#### Collected data:

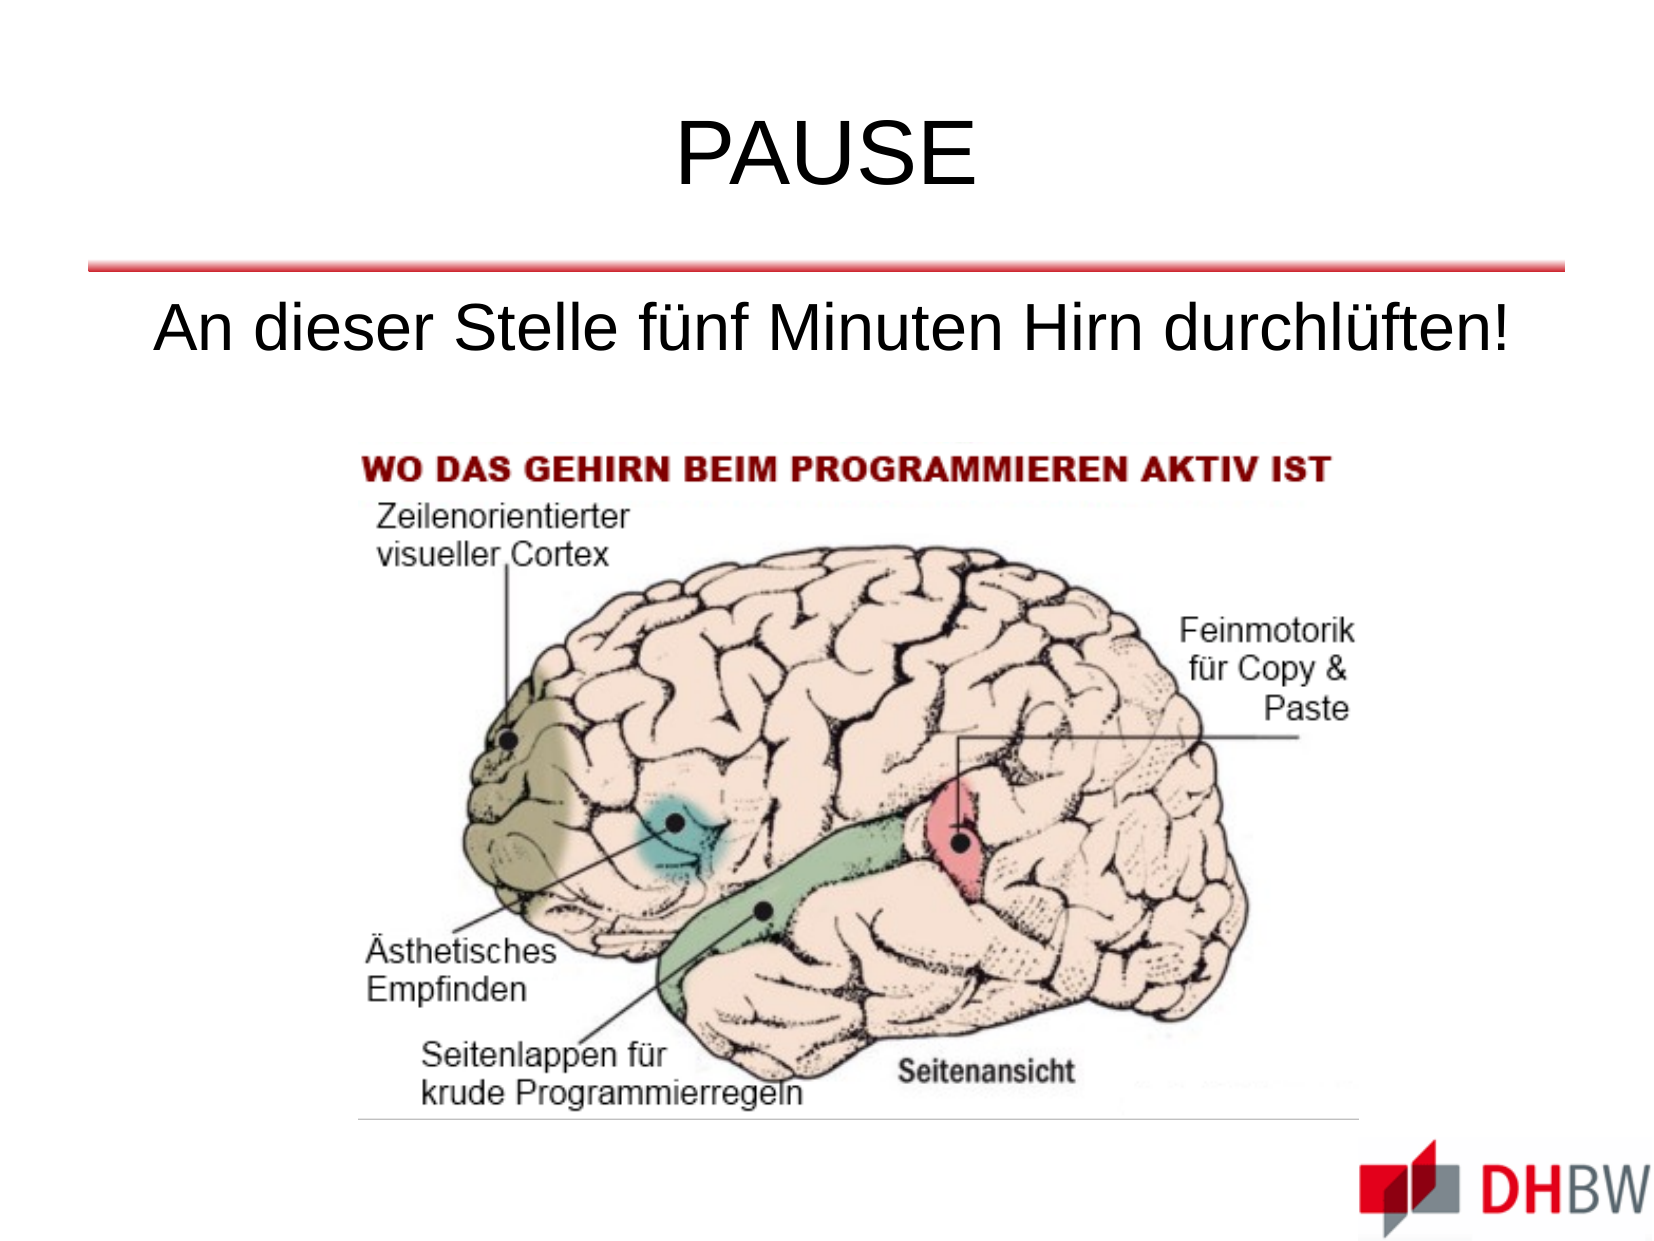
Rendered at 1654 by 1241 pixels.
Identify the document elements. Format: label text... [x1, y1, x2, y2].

title PAUSE [82, 56, 1571, 250]
picture [358, 442, 1359, 1123]
list An dieser Stelle fünf Minuten Hirn durchlüften! [82, 290, 1571, 1094]
picture [1358, 1137, 1652, 1241]

#### WHAT IS BEING ASKED:
Output an exact copy of the lines from the one holding "Identify the document" to the last line of the data, inclusive, and nothing beyond that range.

#### WRITTEN RESPONSE:
Identify the document elements. Format: label text... [x1, y1, x2, y2].

title PAUSE [82, 56, 1571, 250]
picture [358, 442, 1359, 1123]
list An dieser Stelle fünf Minuten Hirn durchlüften! [82, 290, 1571, 1094]
picture [1358, 1137, 1652, 1241]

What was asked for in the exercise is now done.